** Opening Input data block **

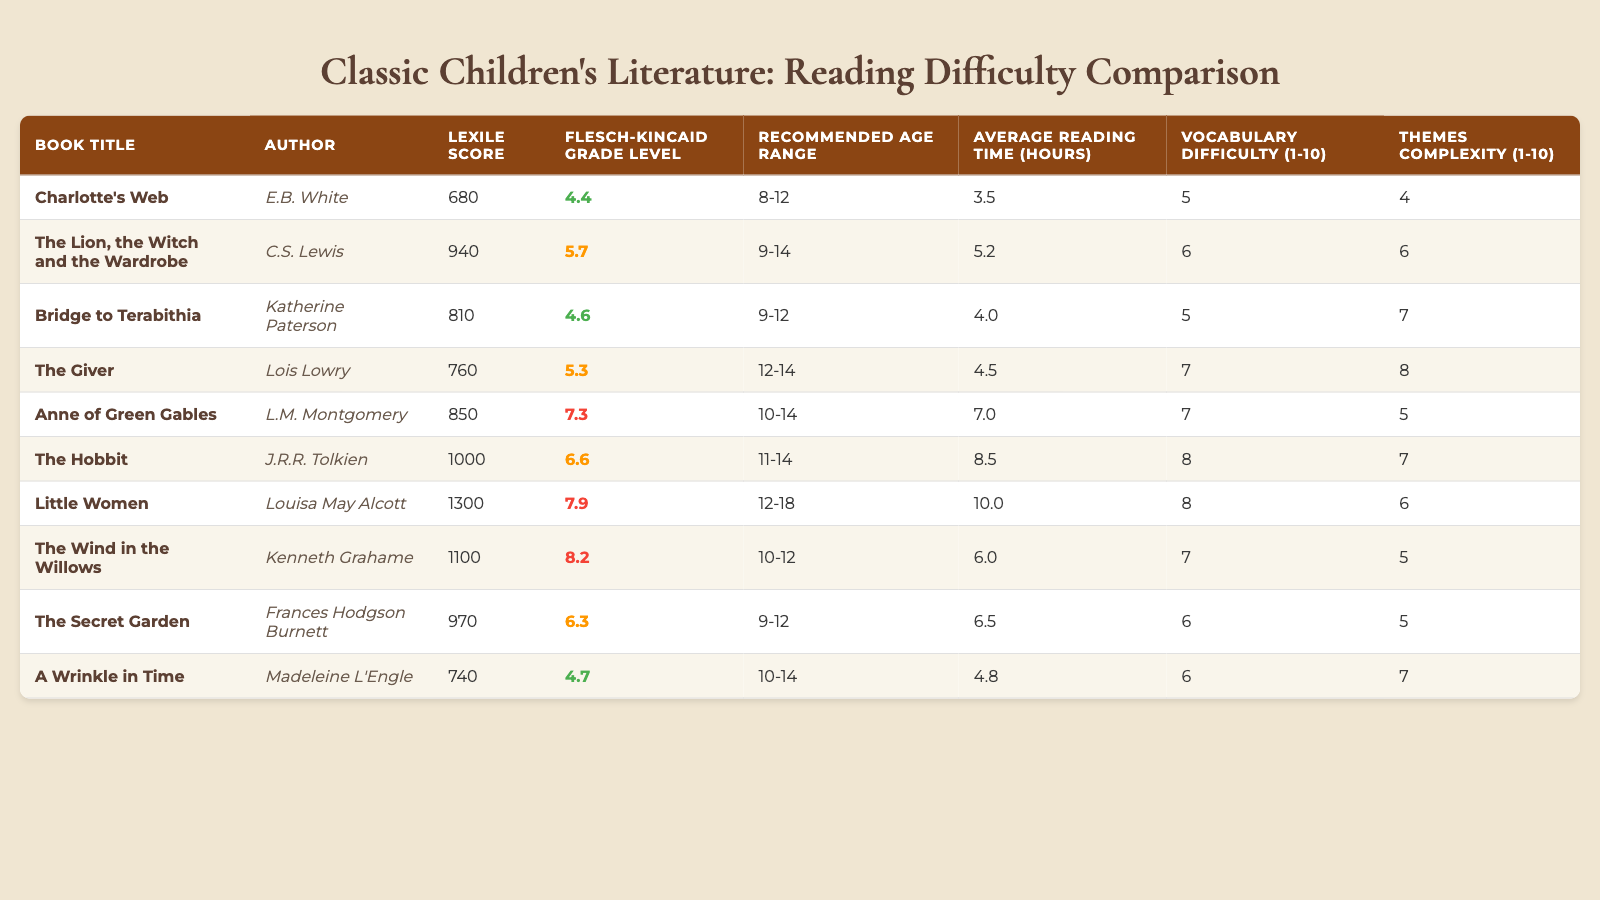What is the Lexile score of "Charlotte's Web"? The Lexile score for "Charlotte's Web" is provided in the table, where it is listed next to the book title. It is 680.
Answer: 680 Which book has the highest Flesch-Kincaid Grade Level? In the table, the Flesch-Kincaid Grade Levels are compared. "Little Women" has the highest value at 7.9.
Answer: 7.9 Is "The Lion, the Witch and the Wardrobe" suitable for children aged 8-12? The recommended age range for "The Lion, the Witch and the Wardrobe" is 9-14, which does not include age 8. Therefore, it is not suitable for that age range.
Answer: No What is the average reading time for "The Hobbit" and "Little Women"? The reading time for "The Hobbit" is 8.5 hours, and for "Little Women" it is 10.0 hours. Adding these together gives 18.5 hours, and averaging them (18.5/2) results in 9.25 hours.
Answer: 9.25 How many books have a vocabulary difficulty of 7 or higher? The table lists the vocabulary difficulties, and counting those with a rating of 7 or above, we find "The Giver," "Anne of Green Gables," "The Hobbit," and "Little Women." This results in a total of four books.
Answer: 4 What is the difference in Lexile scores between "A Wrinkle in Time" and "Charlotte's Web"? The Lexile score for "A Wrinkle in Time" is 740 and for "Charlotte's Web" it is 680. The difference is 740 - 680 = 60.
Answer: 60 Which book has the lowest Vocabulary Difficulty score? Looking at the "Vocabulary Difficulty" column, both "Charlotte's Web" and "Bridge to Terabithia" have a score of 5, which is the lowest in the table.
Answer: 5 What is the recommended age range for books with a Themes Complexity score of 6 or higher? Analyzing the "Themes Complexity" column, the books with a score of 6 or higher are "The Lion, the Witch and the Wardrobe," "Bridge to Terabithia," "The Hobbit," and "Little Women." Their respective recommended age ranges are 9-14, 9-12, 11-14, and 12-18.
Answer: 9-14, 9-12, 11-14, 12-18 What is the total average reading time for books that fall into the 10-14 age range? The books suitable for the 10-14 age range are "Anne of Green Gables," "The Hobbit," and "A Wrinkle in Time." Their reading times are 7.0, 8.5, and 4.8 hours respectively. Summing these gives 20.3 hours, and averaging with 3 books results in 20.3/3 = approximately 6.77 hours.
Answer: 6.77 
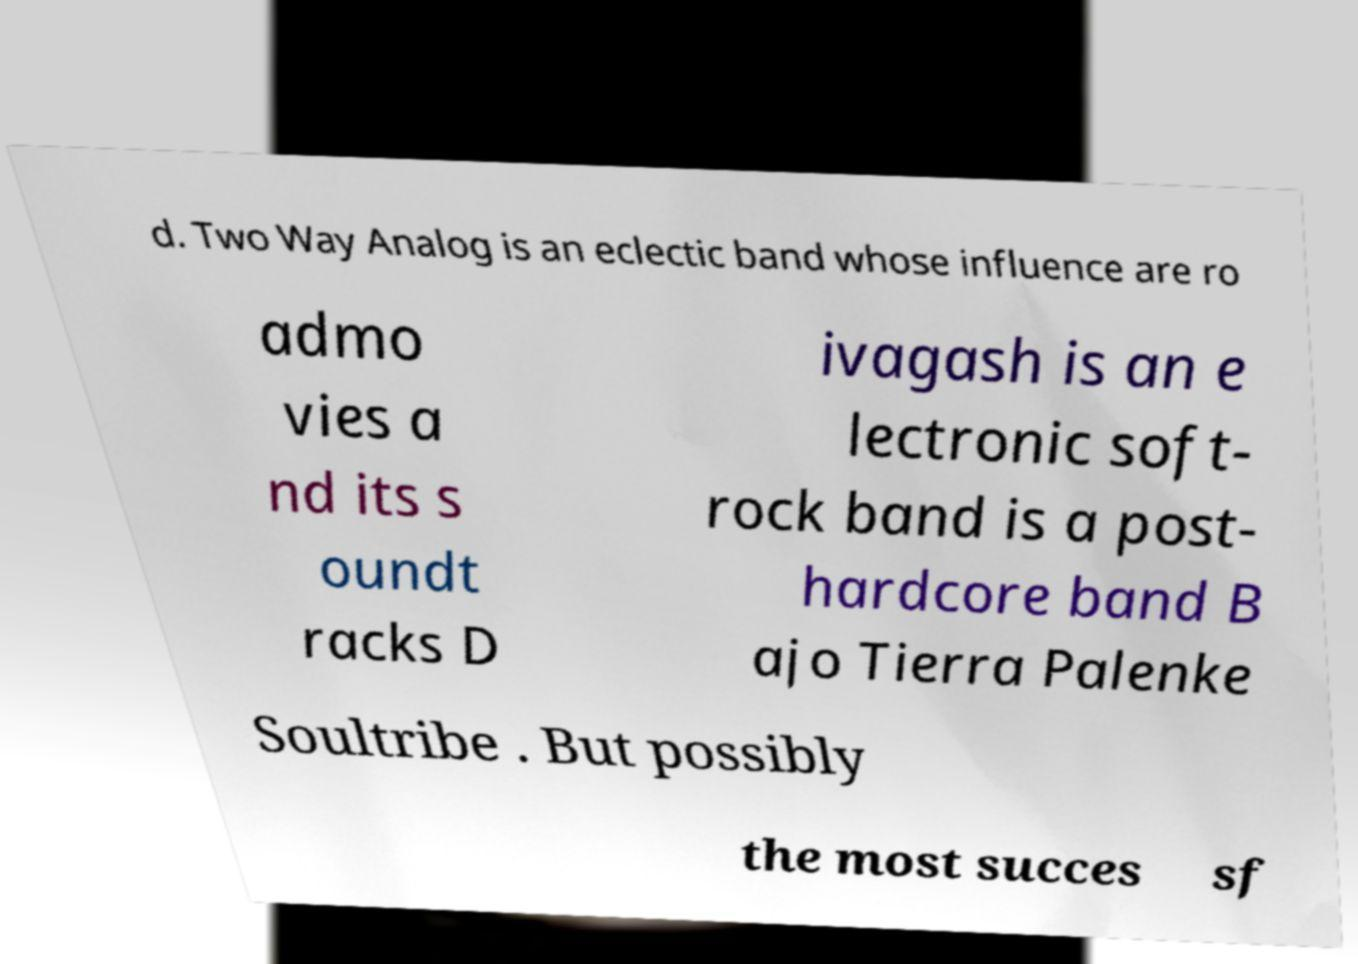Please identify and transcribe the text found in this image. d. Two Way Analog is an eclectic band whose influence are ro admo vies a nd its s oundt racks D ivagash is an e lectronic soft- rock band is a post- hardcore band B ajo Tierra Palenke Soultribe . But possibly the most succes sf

** Closing Input data block **

Without including any pictures, reproduce the data exactly.

What is the Lexile score of "Charlotte's Web"? The Lexile score for "Charlotte's Web" is provided in the table, where it is listed next to the book title. It is 680.
Answer: 680 Which book has the highest Flesch-Kincaid Grade Level? In the table, the Flesch-Kincaid Grade Levels are compared. "Little Women" has the highest value at 7.9.
Answer: 7.9 Is "The Lion, the Witch and the Wardrobe" suitable for children aged 8-12? The recommended age range for "The Lion, the Witch and the Wardrobe" is 9-14, which does not include age 8. Therefore, it is not suitable for that age range.
Answer: No What is the average reading time for "The Hobbit" and "Little Women"? The reading time for "The Hobbit" is 8.5 hours, and for "Little Women" it is 10.0 hours. Adding these together gives 18.5 hours, and averaging them (18.5/2) results in 9.25 hours.
Answer: 9.25 How many books have a vocabulary difficulty of 7 or higher? The table lists the vocabulary difficulties, and counting those with a rating of 7 or above, we find "The Giver," "Anne of Green Gables," "The Hobbit," and "Little Women." This results in a total of four books.
Answer: 4 What is the difference in Lexile scores between "A Wrinkle in Time" and "Charlotte's Web"? The Lexile score for "A Wrinkle in Time" is 740 and for "Charlotte's Web" it is 680. The difference is 740 - 680 = 60.
Answer: 60 Which book has the lowest Vocabulary Difficulty score? Looking at the "Vocabulary Difficulty" column, both "Charlotte's Web" and "Bridge to Terabithia" have a score of 5, which is the lowest in the table.
Answer: 5 What is the recommended age range for books with a Themes Complexity score of 6 or higher? Analyzing the "Themes Complexity" column, the books with a score of 6 or higher are "The Lion, the Witch and the Wardrobe," "Bridge to Terabithia," "The Hobbit," and "Little Women." Their respective recommended age ranges are 9-14, 9-12, 11-14, and 12-18.
Answer: 9-14, 9-12, 11-14, 12-18 What is the total average reading time for books that fall into the 10-14 age range? The books suitable for the 10-14 age range are "Anne of Green Gables," "The Hobbit," and "A Wrinkle in Time." Their reading times are 7.0, 8.5, and 4.8 hours respectively. Summing these gives 20.3 hours, and averaging with 3 books results in 20.3/3 = approximately 6.77 hours.
Answer: 6.77 
Please identify and transcribe the text found in this image. d. Two Way Analog is an eclectic band whose influence are ro admo vies a nd its s oundt racks D ivagash is an e lectronic soft- rock band is a post- hardcore band B ajo Tierra Palenke Soultribe . But possibly the most succes sf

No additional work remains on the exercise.